Повторю: он не только не знакомил меня с другой стороной своей жизни и с новыми своими дружками, но никогда даже не упоминал их имена и ничего не рассказывал. Теперь я вижу в этом благородное желание оградить меня от любой опасности, никоим образом не вовлекать в свою вторую жизнь и нести ее груз в одиночку – это тем больше говорит о его сдержанности, что, как ни странно при нашей разнице лет, ближе меня у него тогда никого не было, и это вскоре подтвердится. Тогда же меня обижала его скрытность.
Сегодня не у кого спросить, как все разворачивалось, и мне остается лишь путь догадок. Кажется, Шурка и не мог избежать связаться с местной шпаной. Ведь он, гордый и самолюбивый, конечно же, презирал угрозы, которыми размахивала перед его лицом жизнь, шел к любой опасности, развернув плечи и выпрямившись. В тогдашней восьмилетней школе в любом классе было непременно две, так сказать, партии. Шпана ботала по фене и верховодила, это были подростки, для которых в самом звуке слова
“тюрьма” таился некий романтический призыв; вокруг их лидера и его близкого окружения вились слабенькие пареньки из послевоенных бедных и униженных рабочих семей, готовые выполнить любой приказ. По другую сторону стояла группа “чистых” мальчиков, и, коли она была достаточно сплоченной, то в общем-то соблюдалось некоторое равновесие: шпана не слишком их задирала, но при одном условии – если те не лезли в ее дела, проще говоря, не вмешивались, когда те грабили и терзали наиболее беззащитных.

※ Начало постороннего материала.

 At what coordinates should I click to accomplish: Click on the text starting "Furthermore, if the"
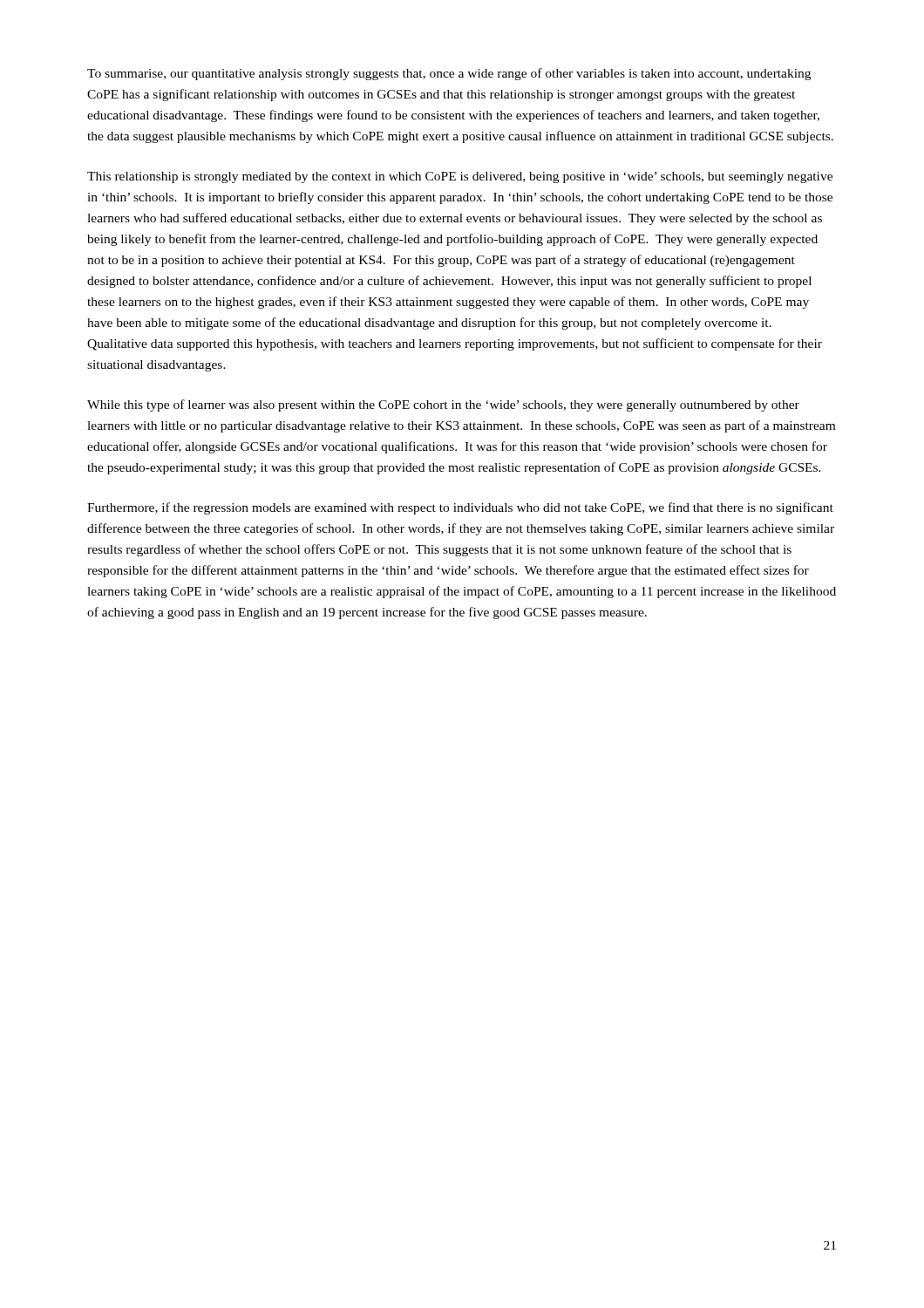pos(462,560)
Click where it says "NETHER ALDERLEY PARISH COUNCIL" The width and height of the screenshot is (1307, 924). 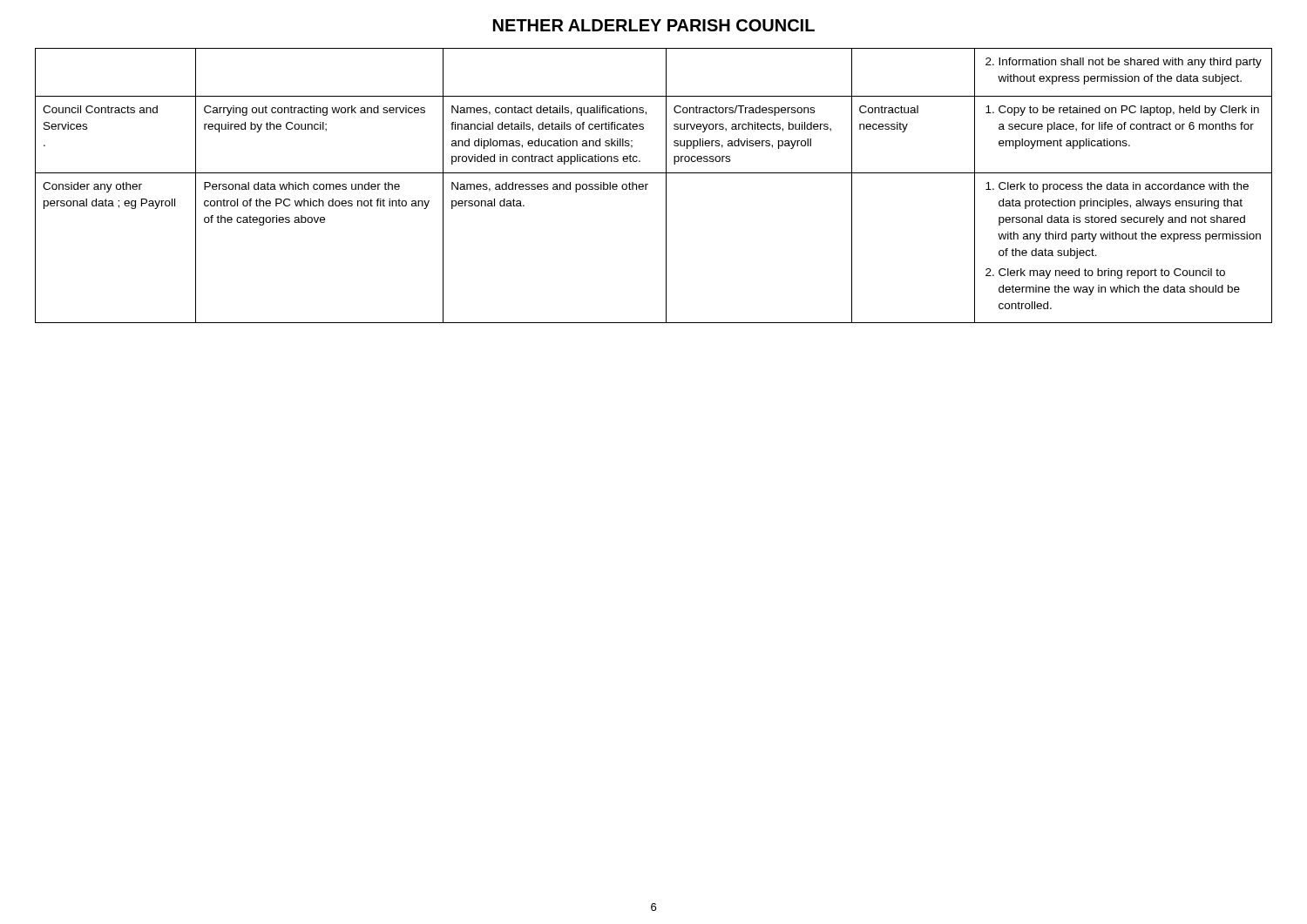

Хорошо представляю себе, перед каким выбором оказался Шурка: с одной стороны, вряд ли его могло не мучить зрелище постоянного террора в отношении слабых; с другой – элементарное чувство самосохранения должно было подсказывать, что благородный одиночка поделать здесь ничего не может,- в конце концов такая организация школьного сообщества лишь повторяла без затей, с инфантильной буквальностью, устройство мира вокруг. И, кажется, он пошел единственным, как ему казалось, возможным путем: он попытался завоевать авторитет среди шпаны, а там уж влиять на правила игры изнутри. Быть может, он сам чувствовал всю пагубность этого, по сути, компромисса, подобного тому, что позволяли себе с первоначально самыми благими намерениями приличные люди, вступая в партию; или его несоприродность блатной компании помешала ему естественно вписаться в плебейский мир бесцельного хулиганства – так или иначе, кончилось для него все это очень нехорошо.
8
Я все узнал от матери, ей рассказал отец, а ему, по-видимому, сама тетя Аня. Так или иначе на излете его восьмого класса, весной, выяснилось, что Шурка попал в переплет: он был изобличен как соучастник ограбления уже помянутого мною Дома медработника: он и его дружки украли магнитофон из радиорубки. Помню, меня совершенно потрясло это известие, настолько несовместимым с образом моего благородного родственника представлялось само постыдное понятие “кража”. Впрочем, позже он мне кое-что объяснил.